The office supply collages charm me. But when I look at all my completed portraits together, I become annoyed and mentally punish myself. My mind repeats negative harangues, such as: I’m a gadfly, unable to stick to one style. In the art world, to be considered professional, an artist shows consistency, exploring one style for years or a whole career. Critics allow minor variations as part of the investigation. I personally consider the idea of expecting artists to stick to one style to be an evil plot created by critics to make their jobs easier. Once they form an opinion of an artist’s work, they need delve no deeper. Michelangelo equals hefty nudes. Caravaggio means dramatic light. Vermeer’s known for intimate peopled Dutch interiors. Warhol makes us think of soup cans. When I add in all my other work, I create in eighteen different styles. I’ll probably never exhibit these portraits because their diverse styles won’t fit into art world etiquette. They’re my private delight. For exhibits, I show the consistent work the critics have written about and expect me to do. Luckily, I enjoy that work too. But it’s fun to bust out of the mold once in a while.

After twelve portraits over nine months, I find myself with four distinct styles: controlled contour, blind contour, office supply collage and a ghost. I have no idea where the ghost comes from or how to describe the style. But I love the ghost’s expression of surprise, as if asking, “How did I get here?”  She looks the way I felt as a child growing up in a tumultuous household with inebriated parents. I must claim her even if I can’t fit her into an aesthetic slot.

In my thirteenth portrait, during the ninth month of the pandemic, an old friend named Joe Bishop appears on my paper.

As usual, I stare at my mirror, doing a controlled contour drawing on my prepared oil-saturated thick paper. Although I believe I’m drawing myself, much to my shock, Joe’s face emerges as an older man, as he would look today if he had lived. Joe died in his twenties of AIDS. Now, I feel as if Joe had come for a visit from another world. I talk to him about times past and the fun we enjoyed in our social group of exploring art students.

As if through Joe’s eyes, all at once, I become able to re-frame my thoughts and start to appreciate the rich stylistic diversity of my work.  I see my painted faces as social calls by spirit friends from other dimensions, dropping in, like Joe had.

With dawning awareness, I begin to recognize the portraits, like I’m seeing old friends. The goddess Parvati, a Hindu deity and Shiva’s devoted wife, seems to bend close from on high, infusing me with her love, devotion and creativity.
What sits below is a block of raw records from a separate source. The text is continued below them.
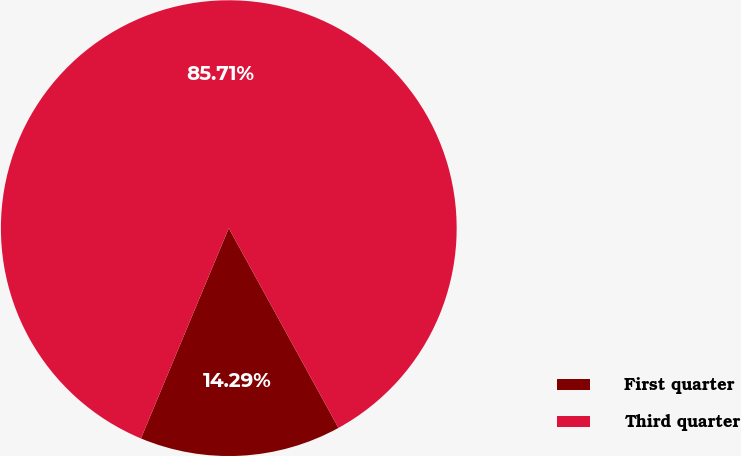<chart> <loc_0><loc_0><loc_500><loc_500><pie_chart><fcel>First quarter<fcel>Third quarter<nl><fcel>14.29%<fcel>85.71%<nl></chart> 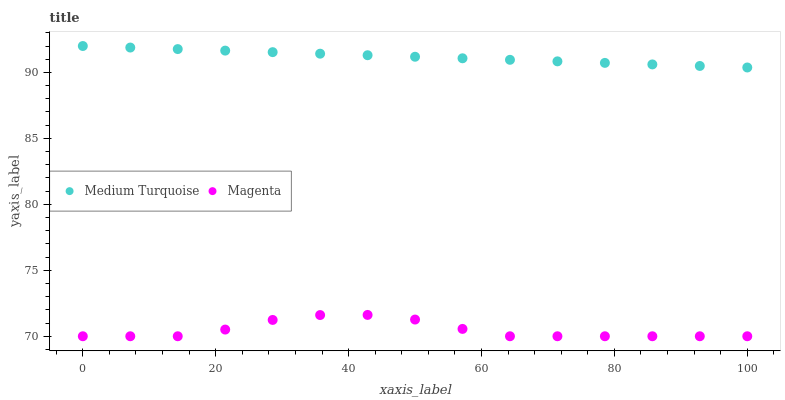Does Magenta have the minimum area under the curve?
Answer yes or no. Yes. Does Medium Turquoise have the maximum area under the curve?
Answer yes or no. Yes. Does Medium Turquoise have the minimum area under the curve?
Answer yes or no. No. Is Medium Turquoise the smoothest?
Answer yes or no. Yes. Is Magenta the roughest?
Answer yes or no. Yes. Is Medium Turquoise the roughest?
Answer yes or no. No. Does Magenta have the lowest value?
Answer yes or no. Yes. Does Medium Turquoise have the lowest value?
Answer yes or no. No. Does Medium Turquoise have the highest value?
Answer yes or no. Yes. Is Magenta less than Medium Turquoise?
Answer yes or no. Yes. Is Medium Turquoise greater than Magenta?
Answer yes or no. Yes. Does Magenta intersect Medium Turquoise?
Answer yes or no. No. 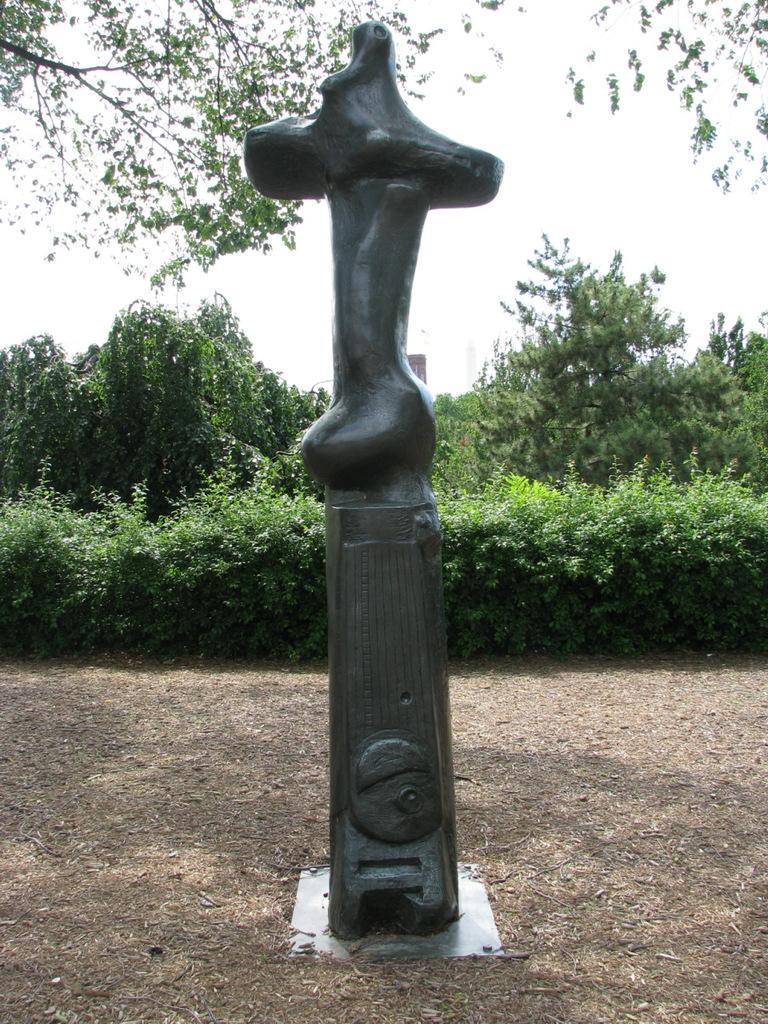Describe this image in one or two sentences. There is a statue of an object which is black in color is placed on a ground and there are trees in the background. 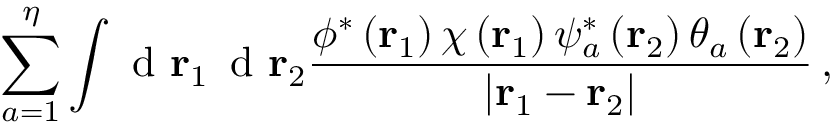Convert formula to latex. <formula><loc_0><loc_0><loc_500><loc_500>\sum _ { a = 1 } ^ { \eta } \int d \mathbf r _ { 1 } \, d \mathbf r _ { 2 } \frac { \phi ^ { * } \left ( \mathbf r _ { 1 } \right ) \chi \left ( \mathbf r _ { 1 } \right ) \psi _ { a } ^ { * } \left ( \mathbf r _ { 2 } \right ) \theta _ { a } \left ( \mathbf r _ { 2 } \right ) } { \left | \mathbf r _ { 1 } - \mathbf r _ { 2 } \right | } \, ,</formula> 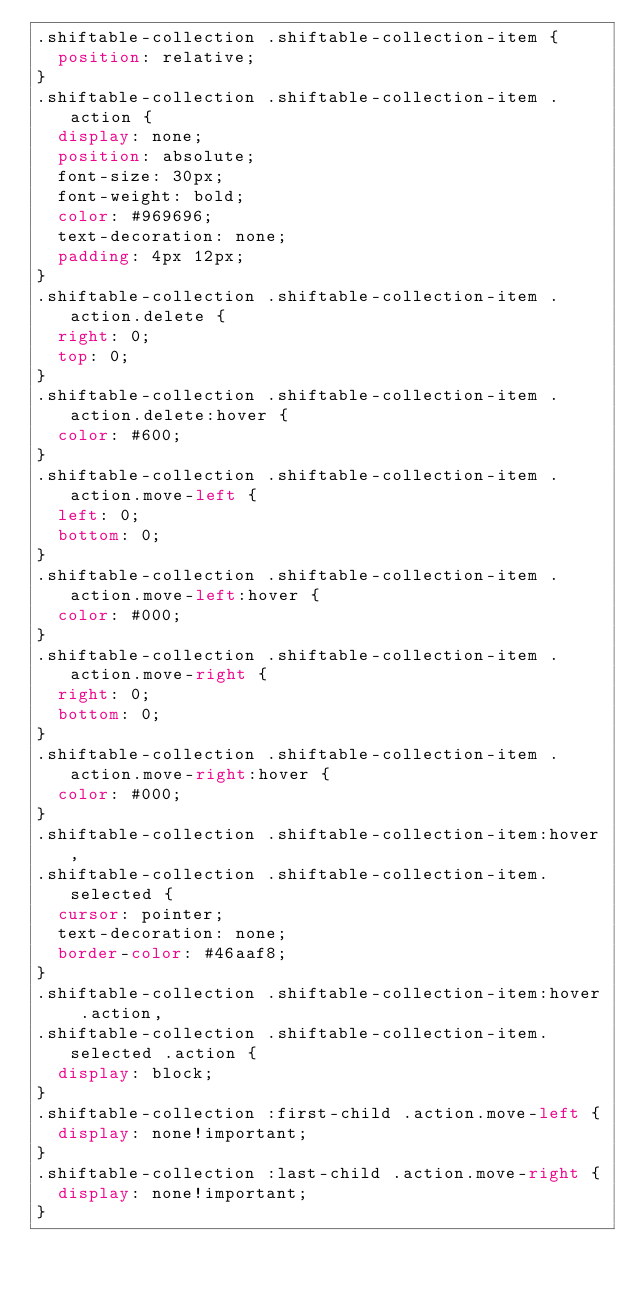<code> <loc_0><loc_0><loc_500><loc_500><_CSS_>.shiftable-collection .shiftable-collection-item {
  position: relative;
}
.shiftable-collection .shiftable-collection-item .action {
  display: none;
  position: absolute;
  font-size: 30px;
  font-weight: bold;
  color: #969696;
  text-decoration: none;
  padding: 4px 12px;
}
.shiftable-collection .shiftable-collection-item .action.delete {
  right: 0;
  top: 0;
}
.shiftable-collection .shiftable-collection-item .action.delete:hover {
  color: #600;
}
.shiftable-collection .shiftable-collection-item .action.move-left {
  left: 0;
  bottom: 0;
}
.shiftable-collection .shiftable-collection-item .action.move-left:hover {
  color: #000;
}
.shiftable-collection .shiftable-collection-item .action.move-right {
  right: 0;
  bottom: 0;
}
.shiftable-collection .shiftable-collection-item .action.move-right:hover {
  color: #000;
}
.shiftable-collection .shiftable-collection-item:hover,
.shiftable-collection .shiftable-collection-item.selected {
  cursor: pointer;
  text-decoration: none;
  border-color: #46aaf8;
}
.shiftable-collection .shiftable-collection-item:hover .action,
.shiftable-collection .shiftable-collection-item.selected .action {
  display: block;
}
.shiftable-collection :first-child .action.move-left {
  display: none!important;
}
.shiftable-collection :last-child .action.move-right {
  display: none!important;
}</code> 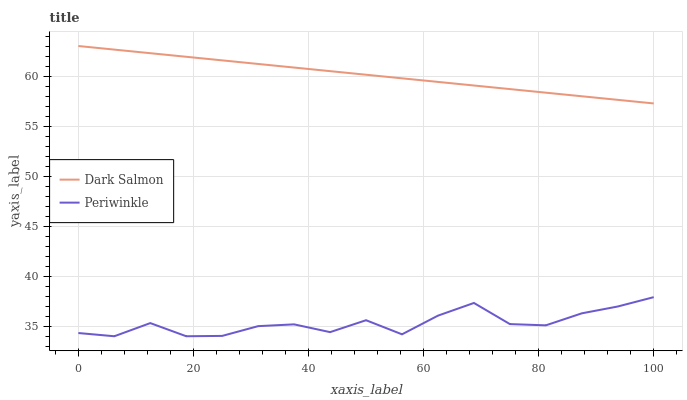Does Periwinkle have the minimum area under the curve?
Answer yes or no. Yes. Does Dark Salmon have the maximum area under the curve?
Answer yes or no. Yes. Does Dark Salmon have the minimum area under the curve?
Answer yes or no. No. Is Dark Salmon the smoothest?
Answer yes or no. Yes. Is Periwinkle the roughest?
Answer yes or no. Yes. Is Dark Salmon the roughest?
Answer yes or no. No. Does Dark Salmon have the lowest value?
Answer yes or no. No. Does Dark Salmon have the highest value?
Answer yes or no. Yes. Is Periwinkle less than Dark Salmon?
Answer yes or no. Yes. Is Dark Salmon greater than Periwinkle?
Answer yes or no. Yes. Does Periwinkle intersect Dark Salmon?
Answer yes or no. No.

Artemis, Greek goddess of the hunt and the moon, appears to hold small moons around her head. Perhaps she’s pulling in electric energies from the ether as she senses the living beings around her. Her gaze penetrates through the viewer with spiritual intensity.

Seeing my work through Joe’s and others’ eyes, I perceive the varying styles as abundant creativity and fun, communication with my intuition, not an erratic collection doomed to negative art world interpretation. My self-criticisms stop. 

I create most of these portraits by staring at myself in the mirror. Perhaps, as a conglomerate, all of them together comprise one multi-faceted self-portrait that includes both my inner and outer selves. Joseph Campbell, the professor of literature who focused on mythology and comparative religion, author of Hero of a Thousand Faces, tells us that we don’t find our gods outside of us. They dwell within, part of our psyche. This makes sense to me. Where I see Joe, Parvati, Artemis, office supplies and the ghost, I see myself. I enjoy this lovely revelation.